The story kicks off with writer Liz Gilbert (Roberts) ditching her husband seemingly on the basis of one conversation in her car in which he outlined his career aspirations to her. It probably made more sense in the novel, but on the screen it appears nonsensical and instantly distances us from the character. Consequently, watching her roam around Italy on holiday eating pasta, staring at architecture and ordering cappuccino in a café is far from ideal - especially as all of these laborious sequences take aeons to unfold and are accompanied by a narration that is cloying in tone.

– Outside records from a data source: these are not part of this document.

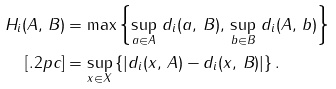Convert formula to latex. <formula><loc_0><loc_0><loc_500><loc_500>H _ { i } ( A , \, B ) & = \max \left \{ \underset { a \in A } { \sup } \ d _ { i } ( a , \, B ) , \, \underset { b \in B } { \sup } \ d _ { i } ( A , \, b ) \right \} \\ [ . 2 p c ] & = \underset { x \in X } { \sup } \left \{ \left | d _ { i } ( x , \, A ) - d _ { i } ( x , \, B ) \right | \right \} .</formula> 
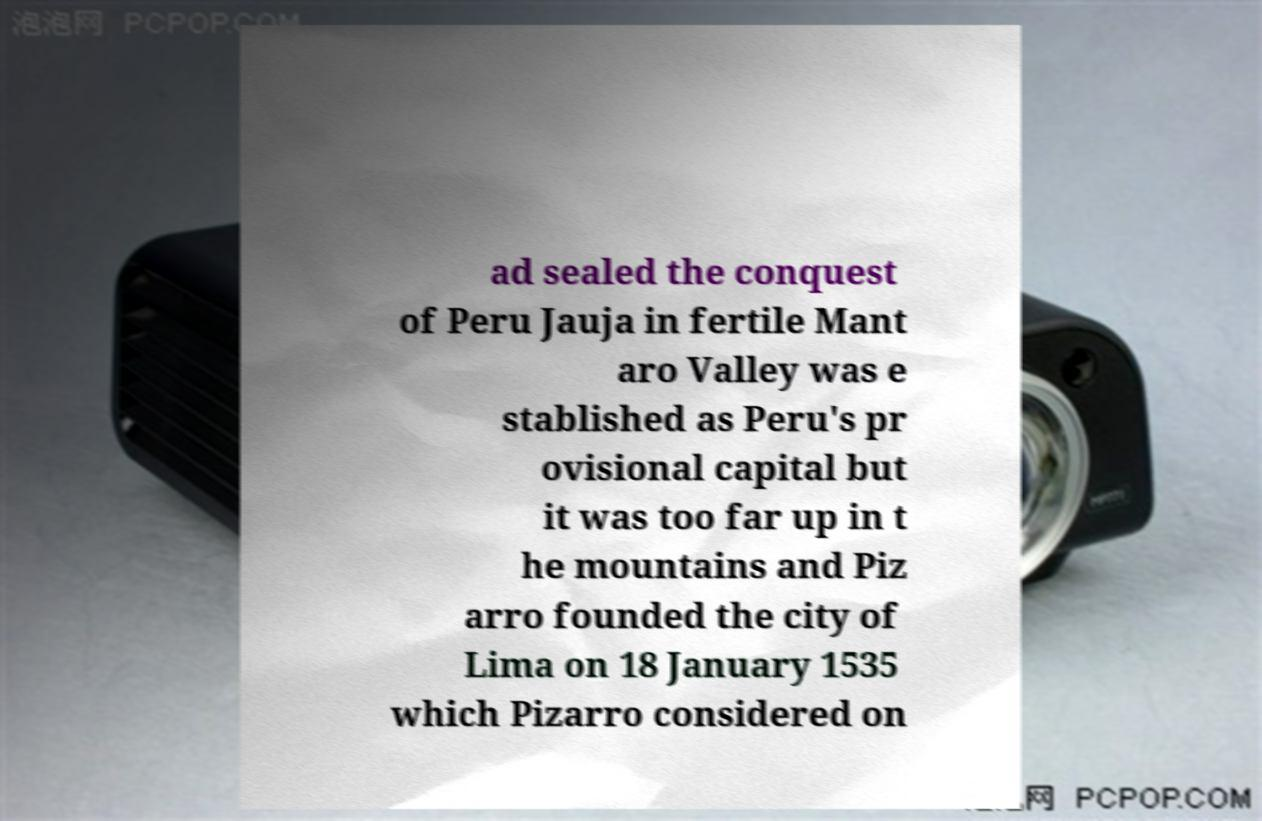Can you accurately transcribe the text from the provided image for me? ad sealed the conquest of Peru Jauja in fertile Mant aro Valley was e stablished as Peru's pr ovisional capital but it was too far up in t he mountains and Piz arro founded the city of Lima on 18 January 1535 which Pizarro considered on 
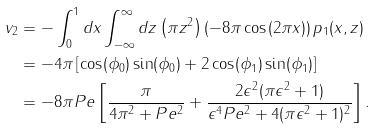Convert formula to latex. <formula><loc_0><loc_0><loc_500><loc_500>v _ { 2 } & = - \int _ { 0 } ^ { 1 } d x \int _ { - \infty } ^ { \infty } d z \left ( \pi z ^ { 2 } \right ) ( - 8 \pi \cos ( 2 \pi x ) ) \, p _ { 1 } ( x , z ) \\ & = - 4 \pi \left [ \cos ( \phi _ { 0 } ) \sin ( \phi _ { 0 } ) + 2 \cos ( \phi _ { 1 } ) \sin ( \phi _ { 1 } ) \right ] \\ & = - 8 \pi P e \left [ \frac { \pi } { 4 \pi ^ { 2 } + P e ^ { 2 } } + \frac { 2 \epsilon ^ { 2 } ( \pi \epsilon ^ { 2 } + 1 ) } { \epsilon ^ { 4 } P e ^ { 2 } + 4 ( \pi \epsilon ^ { 2 } + 1 ) ^ { 2 } } \right ] .</formula>

Eventually, amid various flashbacks of her husband and musings about her toyboy lover, Liz finds spiritual redemption in India – as does Eat Pray Love. For in the most powerful segment of the movie, Liz meets ‘Richard from Texas’ (Jenkins), a mysterious American man who mocks her arrival at the ashram and devotes his life to meditation. The circumstances that led to his curious predicament are later revealed in one outstanding monologue delivered by Jenkins, who is utterly mesmerising. It's a huge shame the movie didn't focus more on his character.

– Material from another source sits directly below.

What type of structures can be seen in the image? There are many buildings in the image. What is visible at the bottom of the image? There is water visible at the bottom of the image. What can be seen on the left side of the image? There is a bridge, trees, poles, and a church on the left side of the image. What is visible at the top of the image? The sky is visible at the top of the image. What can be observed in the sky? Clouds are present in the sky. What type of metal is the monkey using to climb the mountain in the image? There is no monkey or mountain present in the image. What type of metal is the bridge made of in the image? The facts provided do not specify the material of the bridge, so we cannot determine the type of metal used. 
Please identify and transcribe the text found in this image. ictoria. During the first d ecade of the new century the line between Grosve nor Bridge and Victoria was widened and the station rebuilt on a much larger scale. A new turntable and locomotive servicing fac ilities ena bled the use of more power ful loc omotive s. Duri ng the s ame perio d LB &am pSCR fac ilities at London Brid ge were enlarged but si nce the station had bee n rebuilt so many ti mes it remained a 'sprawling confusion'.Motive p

Liz then ends up in Bali, where she began her post-divorce trek and falls for the charms of Javier Bardem's divorcee. The pair do have a reasonable amount of spark together, and director Ryan Murphy showcases the island's beauty well without ever relegating the actors to second fiddle. Yet there's no desire for us to crave a happy ending for Liz, although later events do slightly lessen any antagonism towards her that was built up by the mechanics of the screenplay.

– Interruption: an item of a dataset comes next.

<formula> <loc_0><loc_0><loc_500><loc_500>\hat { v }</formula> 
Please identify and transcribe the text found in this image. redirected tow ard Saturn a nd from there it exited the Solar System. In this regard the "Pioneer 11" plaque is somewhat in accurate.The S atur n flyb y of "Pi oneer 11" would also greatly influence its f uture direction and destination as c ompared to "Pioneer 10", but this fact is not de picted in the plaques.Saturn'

Julia Roberts still possesses the luminous star quality in the lead role, but the script relegates her character to an unsympathetic and selfish entity with poorly explained motivations for her actions. That's not ideal given that she is ever-present throughout the 133 minutes, akin to sitting next to some boring duffer on a flight who won't stop rambling on – compelling you to eye up the emergency exit doors and weigh up a tussle with gravity at 30,000 feet.